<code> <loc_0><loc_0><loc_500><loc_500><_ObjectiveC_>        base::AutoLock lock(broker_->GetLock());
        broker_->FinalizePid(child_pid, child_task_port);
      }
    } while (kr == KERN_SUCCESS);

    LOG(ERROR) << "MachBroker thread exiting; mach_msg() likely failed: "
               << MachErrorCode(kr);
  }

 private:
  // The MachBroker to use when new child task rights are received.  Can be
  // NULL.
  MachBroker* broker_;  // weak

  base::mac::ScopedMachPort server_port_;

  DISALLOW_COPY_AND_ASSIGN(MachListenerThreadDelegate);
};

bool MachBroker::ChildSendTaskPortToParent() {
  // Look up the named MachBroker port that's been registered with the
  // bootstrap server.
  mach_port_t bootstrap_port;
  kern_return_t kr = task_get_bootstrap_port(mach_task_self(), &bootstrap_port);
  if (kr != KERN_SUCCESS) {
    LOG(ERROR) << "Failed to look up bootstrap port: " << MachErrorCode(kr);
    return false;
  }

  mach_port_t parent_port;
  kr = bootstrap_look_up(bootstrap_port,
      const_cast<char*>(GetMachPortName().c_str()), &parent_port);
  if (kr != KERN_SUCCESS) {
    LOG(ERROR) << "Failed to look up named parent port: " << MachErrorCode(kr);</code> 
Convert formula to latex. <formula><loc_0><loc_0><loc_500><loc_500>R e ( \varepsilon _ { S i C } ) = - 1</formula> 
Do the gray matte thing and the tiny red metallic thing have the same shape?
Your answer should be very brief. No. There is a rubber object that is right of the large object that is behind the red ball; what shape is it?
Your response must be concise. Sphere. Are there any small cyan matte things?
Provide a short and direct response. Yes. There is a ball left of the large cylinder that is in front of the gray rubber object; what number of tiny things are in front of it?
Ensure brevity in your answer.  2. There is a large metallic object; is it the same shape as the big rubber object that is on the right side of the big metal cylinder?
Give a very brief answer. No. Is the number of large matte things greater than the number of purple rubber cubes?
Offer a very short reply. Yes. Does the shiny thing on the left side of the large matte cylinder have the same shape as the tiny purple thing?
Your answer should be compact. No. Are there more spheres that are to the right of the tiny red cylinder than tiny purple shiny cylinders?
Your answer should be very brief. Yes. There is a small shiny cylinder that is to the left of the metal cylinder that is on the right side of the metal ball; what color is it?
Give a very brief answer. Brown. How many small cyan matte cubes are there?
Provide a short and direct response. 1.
..........
Your task
The required answer is the count of lines in the listing that contain the word "response", with no other text.

Written answer
3